Is ARM a coding language? ›

Assembly language is a low-level programming language. There is in general, a one-to-one relationship between assembly language instructions (mnemonics) and the actual binary opcode executed by the core.

How do you find my phone is ARM or ARM64? ›

Next up, simply open Droid Hardware Info and head to the System tab. From here, there are two fields to note — CPU Architecture and Instruction Sets. Jot this information down and use the table in Step 3 below to find the common name for your CPU type.

Is iPhone an ARM64? ›

iOS and iPadOS

arm64 is the current 64-bit ARM CPU architecture, as used since the iPhone 5S and later (6, 6S, SE and 7), the iPad Air, Air 2 and Pro, with the A7 and later chips.

What type of instruction is Armv8? ›

Armv8-A supports three instruction sets: A32, T32 and A64. The A64 instruction set is used when executing in the AArch64 Execution state. It is a fixed- length 32-bit instruction set. The '64' in the name refers to the use of this instruction by the AArch64 Execution state.

What does Armv8 stand for? ›

For example, Armv8-A means version 8 of the Arm A-profile architecture and Armv9-A means version 9 of the A-profile architecture. A version like Armv8-A is a major release of the architecture. However, there are also minor versions that are added to a major release.

What is a ARM device? ›

ARM processors are a family of central processing units (CPUs) based on a reduced instruction set computer (RISC) architecture. ARM stands for Advanced RISC Machine.

What is an example of an embedded device? ›

Examples of embedded systems include: central heating systems. engine management systems in vehicles. domestic appliances, such as dishwashers, TVs and digital phones.

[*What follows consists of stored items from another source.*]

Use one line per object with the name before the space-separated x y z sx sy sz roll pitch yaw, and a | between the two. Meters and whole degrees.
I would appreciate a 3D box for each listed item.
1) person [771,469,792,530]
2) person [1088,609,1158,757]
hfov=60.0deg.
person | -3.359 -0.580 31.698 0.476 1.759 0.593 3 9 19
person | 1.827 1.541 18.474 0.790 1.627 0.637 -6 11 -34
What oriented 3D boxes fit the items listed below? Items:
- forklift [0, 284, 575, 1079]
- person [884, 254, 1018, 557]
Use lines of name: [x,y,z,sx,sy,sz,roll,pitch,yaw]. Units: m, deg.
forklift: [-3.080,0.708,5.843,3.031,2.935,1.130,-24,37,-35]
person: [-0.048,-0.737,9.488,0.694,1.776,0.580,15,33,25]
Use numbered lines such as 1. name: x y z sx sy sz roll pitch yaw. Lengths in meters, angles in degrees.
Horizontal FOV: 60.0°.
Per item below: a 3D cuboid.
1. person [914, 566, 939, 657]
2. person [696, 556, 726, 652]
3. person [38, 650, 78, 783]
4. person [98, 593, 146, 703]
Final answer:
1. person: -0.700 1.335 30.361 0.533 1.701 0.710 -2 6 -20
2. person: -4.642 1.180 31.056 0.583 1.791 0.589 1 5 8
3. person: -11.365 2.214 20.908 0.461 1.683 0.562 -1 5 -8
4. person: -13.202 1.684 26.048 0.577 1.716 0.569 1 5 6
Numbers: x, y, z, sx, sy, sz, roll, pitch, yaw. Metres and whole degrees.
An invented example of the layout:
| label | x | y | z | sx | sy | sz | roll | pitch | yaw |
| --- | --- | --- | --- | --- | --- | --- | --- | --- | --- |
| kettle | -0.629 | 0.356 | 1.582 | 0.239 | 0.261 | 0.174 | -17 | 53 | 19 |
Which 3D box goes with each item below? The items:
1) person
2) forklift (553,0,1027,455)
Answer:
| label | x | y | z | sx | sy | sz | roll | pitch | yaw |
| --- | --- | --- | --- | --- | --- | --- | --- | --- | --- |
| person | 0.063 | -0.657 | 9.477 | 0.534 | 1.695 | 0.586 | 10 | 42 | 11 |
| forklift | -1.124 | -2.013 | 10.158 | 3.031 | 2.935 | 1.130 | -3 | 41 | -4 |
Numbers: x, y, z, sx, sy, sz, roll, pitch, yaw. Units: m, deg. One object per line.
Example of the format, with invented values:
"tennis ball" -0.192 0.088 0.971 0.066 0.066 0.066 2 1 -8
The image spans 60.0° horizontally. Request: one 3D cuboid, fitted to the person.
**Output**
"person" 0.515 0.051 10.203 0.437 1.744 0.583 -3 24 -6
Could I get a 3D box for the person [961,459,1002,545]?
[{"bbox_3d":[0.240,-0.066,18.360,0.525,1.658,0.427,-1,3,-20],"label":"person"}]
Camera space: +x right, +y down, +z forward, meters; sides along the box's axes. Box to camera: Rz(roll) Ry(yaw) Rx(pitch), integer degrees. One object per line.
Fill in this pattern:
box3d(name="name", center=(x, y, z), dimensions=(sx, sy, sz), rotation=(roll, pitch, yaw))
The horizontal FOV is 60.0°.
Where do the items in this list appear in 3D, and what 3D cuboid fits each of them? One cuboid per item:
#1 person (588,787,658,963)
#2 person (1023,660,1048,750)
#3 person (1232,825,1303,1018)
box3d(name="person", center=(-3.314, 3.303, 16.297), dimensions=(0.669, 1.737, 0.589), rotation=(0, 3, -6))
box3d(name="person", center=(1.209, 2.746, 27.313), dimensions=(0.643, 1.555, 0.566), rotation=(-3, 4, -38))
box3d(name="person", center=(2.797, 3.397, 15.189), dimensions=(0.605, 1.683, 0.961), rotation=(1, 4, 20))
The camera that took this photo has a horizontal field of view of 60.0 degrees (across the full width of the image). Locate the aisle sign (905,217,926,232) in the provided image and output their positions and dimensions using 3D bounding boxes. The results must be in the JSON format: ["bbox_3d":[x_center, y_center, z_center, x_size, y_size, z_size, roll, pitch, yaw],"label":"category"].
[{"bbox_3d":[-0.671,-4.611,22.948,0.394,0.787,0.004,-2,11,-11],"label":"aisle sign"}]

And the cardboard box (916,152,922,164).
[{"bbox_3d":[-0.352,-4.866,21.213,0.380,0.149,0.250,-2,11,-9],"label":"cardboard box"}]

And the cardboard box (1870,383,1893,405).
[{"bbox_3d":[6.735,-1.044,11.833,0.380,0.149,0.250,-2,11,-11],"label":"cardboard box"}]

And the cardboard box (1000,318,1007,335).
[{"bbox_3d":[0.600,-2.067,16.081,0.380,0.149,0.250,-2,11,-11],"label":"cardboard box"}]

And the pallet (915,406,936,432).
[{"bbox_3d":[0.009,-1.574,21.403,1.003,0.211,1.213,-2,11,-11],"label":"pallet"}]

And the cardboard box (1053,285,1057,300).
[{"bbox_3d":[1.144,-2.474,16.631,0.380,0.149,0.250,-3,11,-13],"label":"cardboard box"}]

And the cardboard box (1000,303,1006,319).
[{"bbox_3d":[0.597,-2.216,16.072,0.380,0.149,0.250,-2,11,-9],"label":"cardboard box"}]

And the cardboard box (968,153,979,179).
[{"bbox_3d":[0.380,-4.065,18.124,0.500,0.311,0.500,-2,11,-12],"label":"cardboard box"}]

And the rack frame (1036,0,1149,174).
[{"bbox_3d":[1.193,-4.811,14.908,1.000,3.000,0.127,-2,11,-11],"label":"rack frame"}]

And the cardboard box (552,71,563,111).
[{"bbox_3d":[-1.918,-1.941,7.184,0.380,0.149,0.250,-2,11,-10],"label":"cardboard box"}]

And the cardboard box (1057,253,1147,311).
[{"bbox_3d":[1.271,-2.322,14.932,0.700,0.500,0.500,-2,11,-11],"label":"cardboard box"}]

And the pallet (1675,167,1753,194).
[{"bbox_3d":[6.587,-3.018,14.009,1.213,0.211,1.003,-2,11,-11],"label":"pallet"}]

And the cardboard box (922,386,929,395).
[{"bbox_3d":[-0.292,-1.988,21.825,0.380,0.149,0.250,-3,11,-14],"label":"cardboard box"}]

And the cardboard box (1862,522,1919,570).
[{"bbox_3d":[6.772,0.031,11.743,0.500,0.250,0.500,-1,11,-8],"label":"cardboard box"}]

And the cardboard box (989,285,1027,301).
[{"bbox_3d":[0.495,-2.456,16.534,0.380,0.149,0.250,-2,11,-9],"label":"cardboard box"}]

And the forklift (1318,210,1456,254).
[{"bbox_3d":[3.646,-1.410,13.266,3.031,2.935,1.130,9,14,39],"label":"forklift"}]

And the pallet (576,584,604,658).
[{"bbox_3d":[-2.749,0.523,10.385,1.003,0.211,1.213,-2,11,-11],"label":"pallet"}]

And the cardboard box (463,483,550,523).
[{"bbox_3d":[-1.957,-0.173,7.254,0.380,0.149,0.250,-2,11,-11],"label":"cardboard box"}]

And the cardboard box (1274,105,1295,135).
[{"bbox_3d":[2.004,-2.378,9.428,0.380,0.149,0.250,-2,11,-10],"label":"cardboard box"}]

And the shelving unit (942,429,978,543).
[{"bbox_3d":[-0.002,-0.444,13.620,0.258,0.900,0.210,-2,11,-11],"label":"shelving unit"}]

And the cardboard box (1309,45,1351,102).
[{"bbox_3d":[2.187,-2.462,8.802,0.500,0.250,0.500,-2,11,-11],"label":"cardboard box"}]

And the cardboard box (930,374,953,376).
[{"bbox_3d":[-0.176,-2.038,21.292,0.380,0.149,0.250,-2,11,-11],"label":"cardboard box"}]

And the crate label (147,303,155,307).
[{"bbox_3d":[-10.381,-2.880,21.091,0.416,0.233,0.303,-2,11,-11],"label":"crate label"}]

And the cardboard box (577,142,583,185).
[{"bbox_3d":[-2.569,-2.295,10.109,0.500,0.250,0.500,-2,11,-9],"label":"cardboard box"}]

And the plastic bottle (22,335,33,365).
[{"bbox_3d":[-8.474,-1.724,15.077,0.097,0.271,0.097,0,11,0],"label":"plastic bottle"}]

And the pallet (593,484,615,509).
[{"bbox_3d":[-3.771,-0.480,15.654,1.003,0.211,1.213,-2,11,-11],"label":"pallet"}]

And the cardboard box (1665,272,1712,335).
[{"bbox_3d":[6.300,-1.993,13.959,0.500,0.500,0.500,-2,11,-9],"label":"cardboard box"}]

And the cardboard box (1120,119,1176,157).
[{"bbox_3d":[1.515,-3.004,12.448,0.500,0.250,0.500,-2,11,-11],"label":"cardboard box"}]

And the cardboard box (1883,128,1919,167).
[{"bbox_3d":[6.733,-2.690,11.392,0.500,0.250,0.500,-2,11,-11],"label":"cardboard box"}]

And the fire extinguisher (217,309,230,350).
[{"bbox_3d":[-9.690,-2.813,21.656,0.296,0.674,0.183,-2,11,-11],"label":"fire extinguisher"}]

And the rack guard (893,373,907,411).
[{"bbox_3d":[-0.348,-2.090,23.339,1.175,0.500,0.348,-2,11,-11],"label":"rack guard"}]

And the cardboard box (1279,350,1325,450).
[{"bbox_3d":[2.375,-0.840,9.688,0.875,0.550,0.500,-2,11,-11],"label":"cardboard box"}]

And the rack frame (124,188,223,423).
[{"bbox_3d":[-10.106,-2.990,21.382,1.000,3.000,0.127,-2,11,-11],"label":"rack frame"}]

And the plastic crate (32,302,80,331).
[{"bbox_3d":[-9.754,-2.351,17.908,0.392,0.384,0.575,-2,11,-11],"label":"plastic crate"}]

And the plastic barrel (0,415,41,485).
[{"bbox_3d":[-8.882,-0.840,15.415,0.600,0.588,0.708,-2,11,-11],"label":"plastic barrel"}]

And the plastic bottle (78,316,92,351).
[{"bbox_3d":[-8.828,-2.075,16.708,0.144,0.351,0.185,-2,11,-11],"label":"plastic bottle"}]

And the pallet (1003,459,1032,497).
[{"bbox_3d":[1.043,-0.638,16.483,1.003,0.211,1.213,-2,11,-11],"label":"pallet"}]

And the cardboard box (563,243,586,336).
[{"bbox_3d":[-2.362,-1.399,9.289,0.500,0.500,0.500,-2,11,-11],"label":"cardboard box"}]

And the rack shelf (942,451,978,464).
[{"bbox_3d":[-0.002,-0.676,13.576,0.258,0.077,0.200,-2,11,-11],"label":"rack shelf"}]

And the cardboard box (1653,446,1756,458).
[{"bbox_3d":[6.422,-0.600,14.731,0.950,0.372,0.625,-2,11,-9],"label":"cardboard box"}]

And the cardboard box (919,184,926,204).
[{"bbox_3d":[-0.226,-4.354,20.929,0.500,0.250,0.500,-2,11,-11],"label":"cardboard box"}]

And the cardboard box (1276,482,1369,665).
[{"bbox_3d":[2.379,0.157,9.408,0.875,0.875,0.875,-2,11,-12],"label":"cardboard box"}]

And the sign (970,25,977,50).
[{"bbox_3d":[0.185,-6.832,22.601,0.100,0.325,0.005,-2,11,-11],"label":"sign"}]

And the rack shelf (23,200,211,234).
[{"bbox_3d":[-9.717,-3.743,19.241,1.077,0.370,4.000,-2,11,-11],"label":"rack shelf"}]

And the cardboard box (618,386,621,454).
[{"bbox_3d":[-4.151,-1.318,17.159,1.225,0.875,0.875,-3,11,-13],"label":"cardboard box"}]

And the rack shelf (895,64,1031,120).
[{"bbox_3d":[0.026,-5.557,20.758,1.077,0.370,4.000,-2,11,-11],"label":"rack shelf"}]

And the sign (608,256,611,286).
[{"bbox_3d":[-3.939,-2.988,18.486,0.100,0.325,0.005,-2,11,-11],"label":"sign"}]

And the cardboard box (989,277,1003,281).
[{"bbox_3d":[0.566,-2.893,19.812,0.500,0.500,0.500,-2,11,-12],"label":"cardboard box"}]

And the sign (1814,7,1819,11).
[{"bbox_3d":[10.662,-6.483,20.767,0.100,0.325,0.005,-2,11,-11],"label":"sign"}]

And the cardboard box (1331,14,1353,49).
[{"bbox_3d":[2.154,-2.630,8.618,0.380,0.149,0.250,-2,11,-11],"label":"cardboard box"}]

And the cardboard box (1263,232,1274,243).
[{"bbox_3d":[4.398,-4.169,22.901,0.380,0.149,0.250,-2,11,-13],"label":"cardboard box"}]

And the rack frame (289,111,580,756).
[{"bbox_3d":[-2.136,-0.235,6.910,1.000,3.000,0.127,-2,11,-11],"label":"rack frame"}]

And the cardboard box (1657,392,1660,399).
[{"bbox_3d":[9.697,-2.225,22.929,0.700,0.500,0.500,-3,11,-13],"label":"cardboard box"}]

What is an example of an embedded controller? ›

Here are a few mobile embedded control systems examples: Digital cameras. Mobile phones. Smart watch.

What are 3 devices that contain embedded systems? ›

Digital cameras. Digital wristwatches. MP3 players. Appliances, such as refrigerators, washing machines, and microwave ovens.

What does ARMv8 stand for? ›

For example, Armv8-A means version 8 of the Arm A-profile architecture and Armv9-A means version 9 of the A-profile architecture. A version like Armv8-A is a major release of the architecture. However, there are also minor versions that are added to a major release.

What is the difference between ARMv7 and ARMv8 architecture? ›

The ARMv7 architecture is the basis for all current 32-bit ARM Cortex™ processors, including the Cortex-A15 and Cortex-A9 processors. The ARMv8 architecture is the first ARM architecture that includes 64-bit execution, enabling processors based on the architecture to combine 64-bit execution with 32-bit execution.

Is ARMv8 arm64? ›

It says that version 1.5. 1 of this binary supports armv8 architecture. That also indicates that armv8 and arm64 are the same thing.

How do I know if I have an ARM processor? ›

Click on the System icon. Click About on the left side menu at the very bottom. Under Device specifications on the right side, check the System type. This will indicate either a x86-based processor (32-bit), x64-based processor (64-bit), or an ARM-based processor.

Is ARM Cortex good for gaming? ›

Arm works with many of the world's leading games companies and gaming engines to fully optimize performance and the overall gaming experience on Arm-based mobile devices.